Question

In acetic acid, \(\mathrm{CH}_{3} \mathrm{COOH}\), the \(\mathrm{OH}\) hydrogen is more acidic than the \(\mathrm{CH}_{3}\) hydrogens. Explain.

Short answer

Answer: The OH hydrogen in acetic acid is more acidic than the CH₃ hydrogens because it is attached to a more electronegative atom (oxygen), and when removed, it forms a more stable conjugate base (CH₃COO⁻) due to resonance.

Step-by-step solution

Understanding Acidity

Acidity refers to the ability of a molecule to donate a hydrogen ion (H⁺) in a chemical reaction. In other words, a molecule is more acidic if it can easily lose a hydrogen atom to form a stable ion. This is related to the strength of the bonds and stability of the resulting ion after hydrogen removal.

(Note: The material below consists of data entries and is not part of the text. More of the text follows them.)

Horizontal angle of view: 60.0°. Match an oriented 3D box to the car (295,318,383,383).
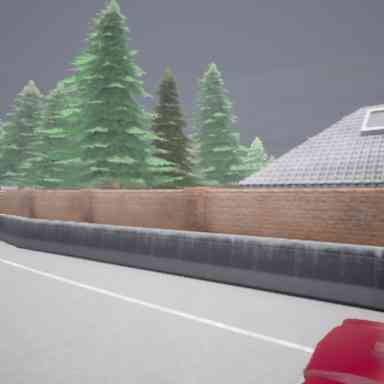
[{"bbox_3d":[3.015,1.618,1.878,4.718,1.301,1.895,0,0,35],"label":"car"}]
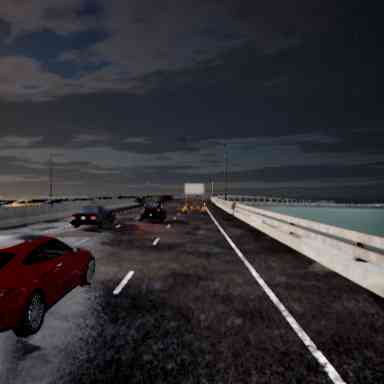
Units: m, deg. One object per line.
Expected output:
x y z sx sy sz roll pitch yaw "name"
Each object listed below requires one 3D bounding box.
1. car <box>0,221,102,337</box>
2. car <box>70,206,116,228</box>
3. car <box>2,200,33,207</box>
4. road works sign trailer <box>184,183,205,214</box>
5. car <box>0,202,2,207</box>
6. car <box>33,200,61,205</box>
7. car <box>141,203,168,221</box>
-3.383 1.563 6.588 1.812 1.442 4.674 0 0 0 "car"
-6.782 1.678 23.298 2.033 1.411 5.357 0 0 1 "car"
-20.745 1.704 40.951 1.882 1.535 5.008 0 0 1 "car"
0.278 0.671 37.588 2.380 3.560 2.880 0 0 1 "road works sign trailer"
-24.262 1.824 40.175 1.895 1.301 4.718 0 0 1 "car"
-17.247 1.752 40.870 1.812 1.442 4.674 0 0 1 "car"
-3.226 1.651 28.715 2.128 1.511 4.902 0 0 1 "car"
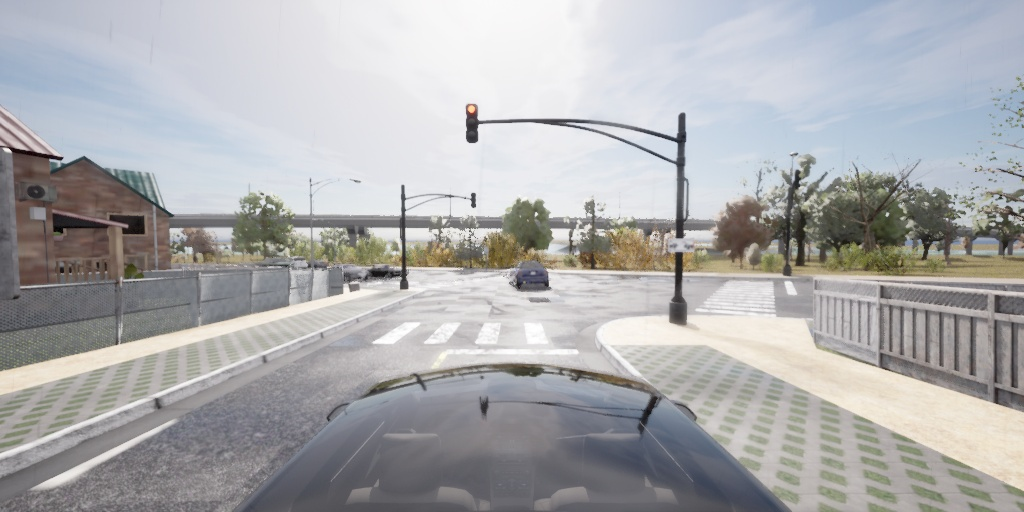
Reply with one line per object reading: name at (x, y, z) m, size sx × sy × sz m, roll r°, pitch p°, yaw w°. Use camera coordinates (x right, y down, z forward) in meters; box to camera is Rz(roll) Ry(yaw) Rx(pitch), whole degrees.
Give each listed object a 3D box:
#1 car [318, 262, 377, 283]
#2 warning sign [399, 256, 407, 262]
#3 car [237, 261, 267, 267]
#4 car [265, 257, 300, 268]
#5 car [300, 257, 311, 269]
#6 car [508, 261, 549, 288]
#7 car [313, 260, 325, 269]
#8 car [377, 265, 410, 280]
car at (-14.338, 1.462, 31.150) m, size 4.902 × 1.511 × 2.128 m, roll 0°, pitch 2°, yaw 36°
warning sign at (-14.238, 0.707, 46.795) m, size 1.060 × 1.860 × 1.300 m, roll 0°, pitch 0°, yaw 36°
car at (-32.792, 1.629, 44.607) m, size 4.892 × 1.490 × 1.837 m, roll -1°, pitch 1°, yaw 36°
car at (-30.605, 1.230, 47.015) m, size 5.566 × 2.045 × 2.150 m, roll -1°, pitch 2°, yaw 36°
car at (-31.879, 1.142, 52.110) m, size 5.566 × 2.045 × 2.150 m, roll 0°, pitch 2°, yaw 37°
car at (1.044, 1.088, 24.715) m, size 2.097 × 1.767 × 4.553 m, roll -2°, pitch 2°, yaw -8°
car at (-30.158, 1.303, 54.831) m, size 4.902 × 1.511 × 2.128 m, roll -1°, pitch 2°, yaw 36°
car at (-11.591, 1.453, 33.171) m, size 4.718 × 1.301 × 1.895 m, roll 0°, pitch 2°, yaw 36°
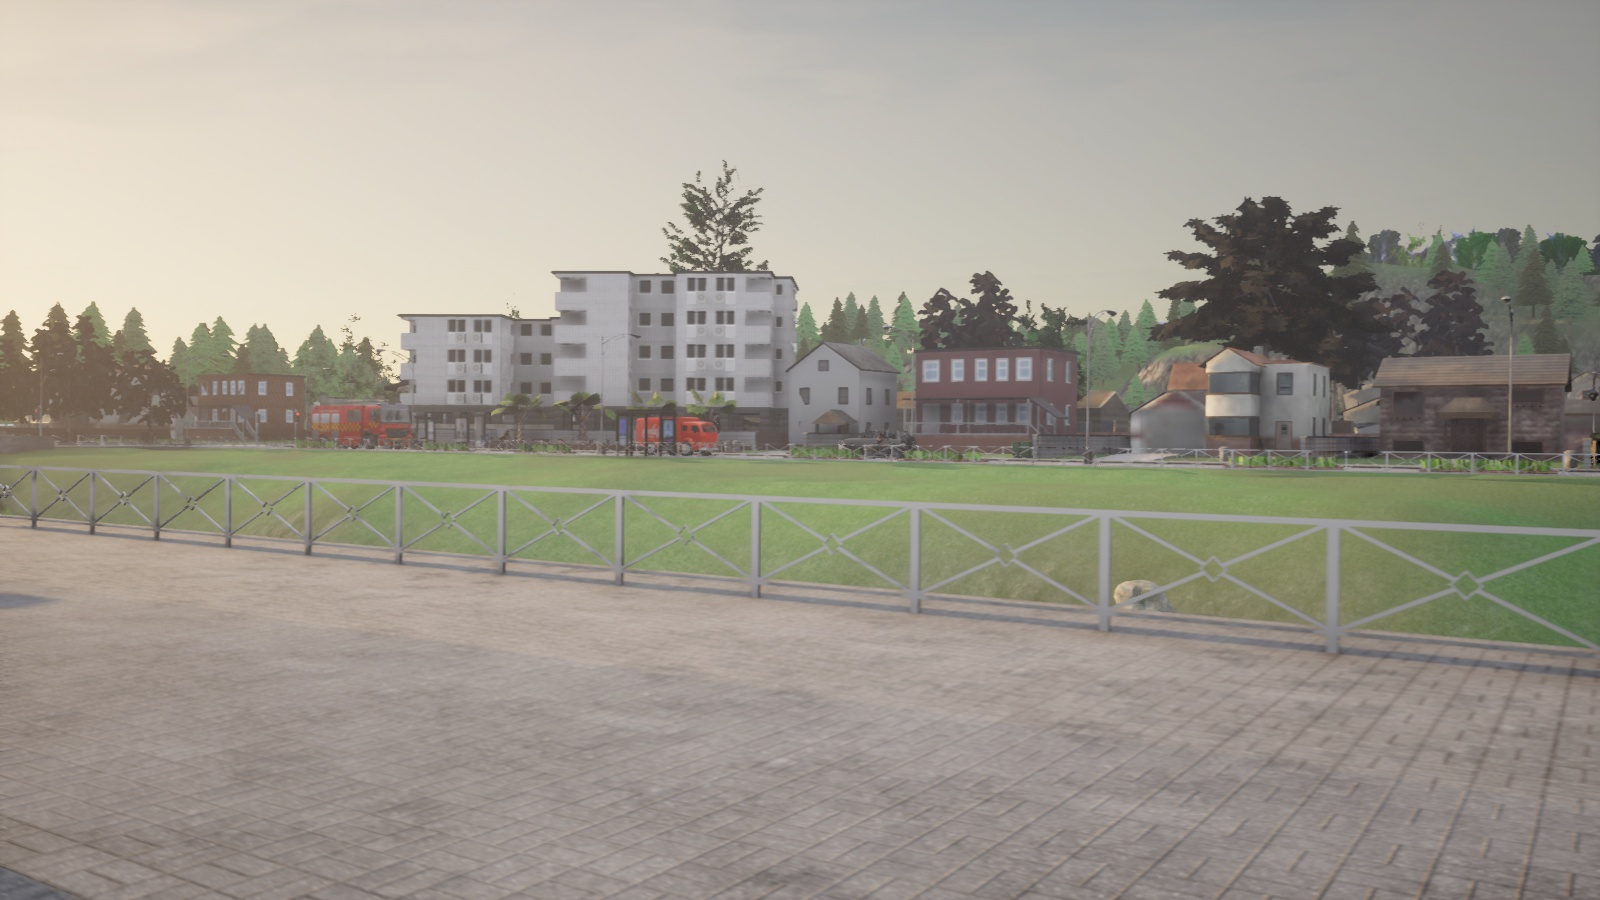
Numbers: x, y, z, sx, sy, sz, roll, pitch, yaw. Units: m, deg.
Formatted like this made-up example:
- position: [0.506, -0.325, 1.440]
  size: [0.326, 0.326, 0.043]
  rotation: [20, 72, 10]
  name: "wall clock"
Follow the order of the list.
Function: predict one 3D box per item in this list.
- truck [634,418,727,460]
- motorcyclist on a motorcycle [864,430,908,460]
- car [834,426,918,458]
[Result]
- position: [-7.463, -0.670, 78.171]
  size: [5.204, 2.467, 2.627]
  rotation: [-1, 0, 34]
  name: "truck"
- position: [4.794, -0.265, 70.106]
  size: [2.350, 1.649, 0.766]
  rotation: [0, 1, 34]
  name: "motorcyclist on a motorcycle"
- position: [4.524, -0.460, 75.060]
  size: [4.605, 1.855, 1.932]
  rotation: [0, 1, 33]
  name: "car"
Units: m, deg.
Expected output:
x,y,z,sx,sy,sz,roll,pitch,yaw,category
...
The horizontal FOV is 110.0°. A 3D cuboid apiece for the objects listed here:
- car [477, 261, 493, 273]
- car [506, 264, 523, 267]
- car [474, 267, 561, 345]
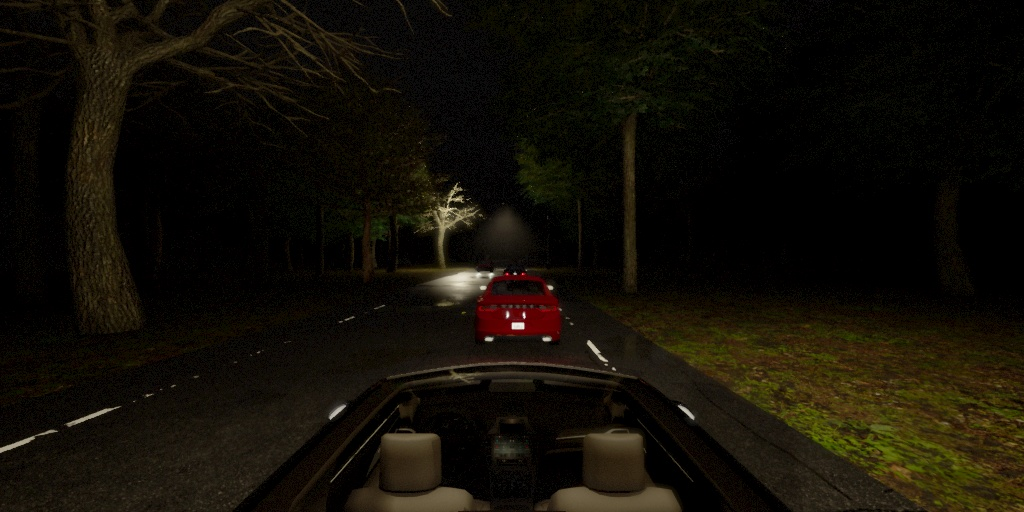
x,y,z,sx,sy,sz,roll,pitch,yaw,category
-3.417,1.359,46.007,1.882,1.535,5.008,0,0,0,car
0.210,1.352,28.294,2.033,1.411,5.357,0,0,0,car
0.130,1.235,9.559,1.882,1.535,5.008,0,0,0,car
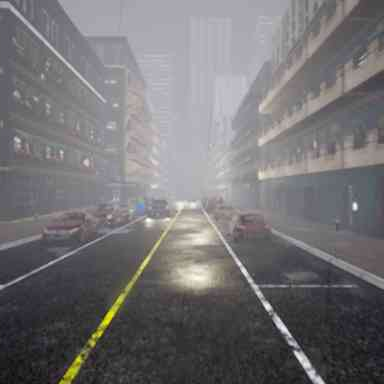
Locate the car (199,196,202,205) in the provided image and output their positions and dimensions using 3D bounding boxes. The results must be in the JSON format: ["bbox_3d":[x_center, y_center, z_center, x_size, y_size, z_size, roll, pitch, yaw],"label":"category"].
[{"bbox_3d":[2.660,1.446,49.706,2.192,1.841,5.009,-1,0,0],"label":"car"}]

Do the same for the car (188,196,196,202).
[{"bbox_3d":[-0.027,1.718,82.766,1.895,1.301,4.718,0,0,0],"label":"car"}]

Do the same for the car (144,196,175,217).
[{"bbox_3d":[-3.015,1.434,31.872,2.097,1.767,4.553,0,0,0],"label":"car"}]

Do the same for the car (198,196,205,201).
[{"bbox_3d":[2.649,1.820,94.521,1.947,1.339,4.313,-1,0,0],"label":"car"}]

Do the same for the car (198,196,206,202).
[{"bbox_3d":[2.650,1.764,89.089,1.752,1.417,4.829,-1,0,0],"label":"car"}]

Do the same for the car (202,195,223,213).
[{"bbox_3d":[2.664,1.416,38.501,2.192,1.841,5.009,-1,0,0],"label":"car"}]

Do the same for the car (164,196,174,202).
[{"bbox_3d":[-5.728,1.774,83.343,2.008,1.369,4.403,-1,0,0],"label":"car"}]

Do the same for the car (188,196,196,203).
[{"bbox_3d":[-0.024,1.722,72.369,2.033,1.411,5.357,0,0,0],"label":"car"}]

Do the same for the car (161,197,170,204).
[{"bbox_3d":[-5.724,1.775,72.139,1.802,1.307,4.206,-1,0,0],"label":"car"}]

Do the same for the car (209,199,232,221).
[{"bbox_3d":[2.671,1.598,27.467,1.752,1.417,4.829,-1,0,0],"label":"car"}]

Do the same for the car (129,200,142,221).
[{"bbox_3d":[-5.676,1.623,27.322,2.008,1.369,4.403,-1,0,0],"label":"car"}]

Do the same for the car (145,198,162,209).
[{"bbox_3d":[-5.724,1.683,49.731,2.008,1.369,4.403,-1,0,0],"label":"car"}]

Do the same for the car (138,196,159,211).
[{"bbox_3d":[-5.708,1.432,44.129,2.192,1.841,5.009,-1,0,0],"label":"car"}]

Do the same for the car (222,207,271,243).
[{"bbox_3d":[2.676,1.624,16.093,1.802,1.307,4.206,-1,0,0],"label":"car"}]

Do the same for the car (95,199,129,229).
[{"bbox_3d":[-5.675,1.498,21.721,1.967,1.590,4.097,-1,0,0],"label":"car"}]

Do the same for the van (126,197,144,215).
[{"bbox_3d":[-5.680,1.428,32.925,1.690,1.788,3.998,-1,0,0],"label":"van"}]

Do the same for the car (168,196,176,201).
[{"bbox_3d":[-5.731,1.805,94.547,2.008,1.369,4.403,-1,0,0],"label":"car"}]

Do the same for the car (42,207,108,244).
[{"bbox_3d":[-5.672,1.625,16.119,1.802,1.307,4.206,-1,0,0],"label":"car"}]

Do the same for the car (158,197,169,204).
[{"bbox_3d":[-5.722,1.760,66.537,1.802,1.307,4.206,-1,0,0],"label":"car"}]
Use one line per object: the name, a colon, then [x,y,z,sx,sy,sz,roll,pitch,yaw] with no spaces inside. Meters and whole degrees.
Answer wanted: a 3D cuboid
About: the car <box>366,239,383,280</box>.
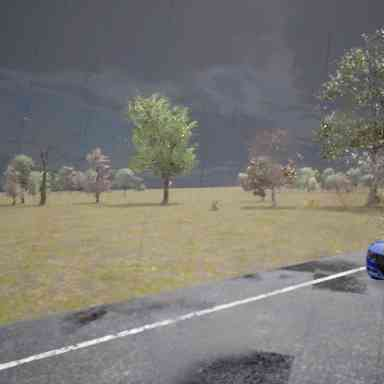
car: [6.485,1.437,8.711,5.008,1.535,1.882,0,0,-36]
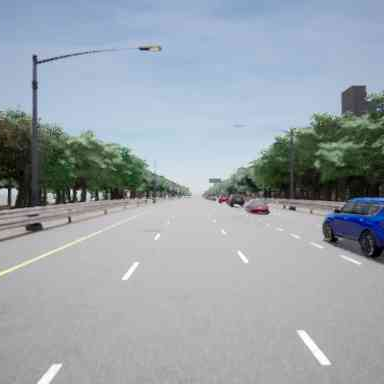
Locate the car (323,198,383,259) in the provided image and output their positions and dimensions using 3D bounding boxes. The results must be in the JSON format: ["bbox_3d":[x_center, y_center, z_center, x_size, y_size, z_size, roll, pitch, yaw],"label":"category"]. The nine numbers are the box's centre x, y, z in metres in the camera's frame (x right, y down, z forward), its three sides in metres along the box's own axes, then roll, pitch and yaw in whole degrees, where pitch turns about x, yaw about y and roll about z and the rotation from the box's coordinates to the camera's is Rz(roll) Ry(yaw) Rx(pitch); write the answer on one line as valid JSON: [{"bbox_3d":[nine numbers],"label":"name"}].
[{"bbox_3d":[7.014,1.222,12.794,2.150,2.045,5.566,0,0,0],"label":"car"}]

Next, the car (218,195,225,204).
[{"bbox_3d":[7.327,1.669,77.456,2.150,2.045,5.566,0,-1,1],"label":"car"}]

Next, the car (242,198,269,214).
[{"bbox_3d":[7.074,1.609,36.329,1.994,1.385,4.181,0,0,0],"label":"car"}]

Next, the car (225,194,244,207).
[{"bbox_3d":[7.159,1.386,53.893,2.150,2.045,5.566,0,-1,0],"label":"car"}]
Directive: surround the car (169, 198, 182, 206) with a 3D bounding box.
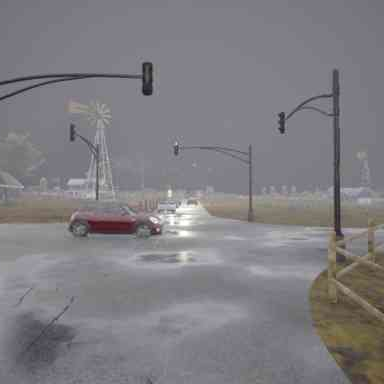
[{"bbox_3d":[-2.854,1.746,59.191,2.033,1.411,5.357,0,0,0],"label":"car"}]

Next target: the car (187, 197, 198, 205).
[{"bbox_3d":[0.051,1.760,64.864,1.812,1.442,4.674,0,-1,0],"label":"car"}]

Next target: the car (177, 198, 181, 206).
[{"bbox_3d":[-2.868,1.644,48.626,1.837,1.490,4.892,0,0,0],"label":"car"}]

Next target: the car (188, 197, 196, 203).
[{"bbox_3d":[-0.055,1.850,77.923,1.812,1.442,4.674,0,0,0],"label":"car"}]

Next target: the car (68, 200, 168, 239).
[{"bbox_3d":[-3.704,1.337,16.797,4.553,1.767,2.097,1,0,0],"label":"car"}]

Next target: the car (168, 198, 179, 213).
[{"bbox_3d":[-2.872,1.691,38.243,1.895,1.301,4.718,0,0,0],"label":"car"}]

Structural Analysis of Acetic Acid

Acetic acid has the structural formula CH₃COOH, where a carboxylic acid (COOH) functional group is attached to a methyl group (CH₃). The hydrogens to compare are the hydrogen in the hydroxyl group (OH) of the carboxylic acid and the hydrogens in the methyl group (CH₃).

Electronegativity and Bond Strength

When comparing the acidic hydrogen atoms, we should consider the electronegativity of the atoms directly attached to the hydrogens. In acetic acid, the OH hydrogen is attached to an oxygen atom, while the CH₃ hydrogens are attached to a carbon atom. Oxygen is more electronegative than carbon, which means it attracts electrons more strongly. This makes the bond between the OH hydrogen and oxygen more polar, and thus more prone to break and release a hydrogen ion (H⁺).

Stability of Conjugate Base

Removing the acidic hydrogen from a molecule results in the formation of a conjugate base. After the OH hydrogen is removed from acetic acid, we are left with a CH₃COO⁻ ion, while removal of a CH₃ hydrogen results in a CH₂COOH radical. The CH₃COO⁻ ion is more stable due to resonance, which allows the negative charge to be delocalized over the oxygen atoms in the carboxylic acid group. The CH₂COOH radical, on the other hand, has an unpaired electron on the carbon, making it less stable.

Resonance Effect

The resonance effect further stabilizes the conjugate base of acetic acid (CH₃COO⁻). The negative charge on the oxygen atom can be shared between the two oxygen atoms through resonance, which distributes the negative charge and stabilizes the ion.

Conclusion

Overall, the OH hydrogen in acetic acid (CH₃COOH) is more acidic than the CH₃ hydrogens because it is attached to a more electronegative atom, and removing it results in a more stable conjugate base due to resonance. These factors make the OH hydrogen more prone to be released as a hydrogen ion, making it more acidic.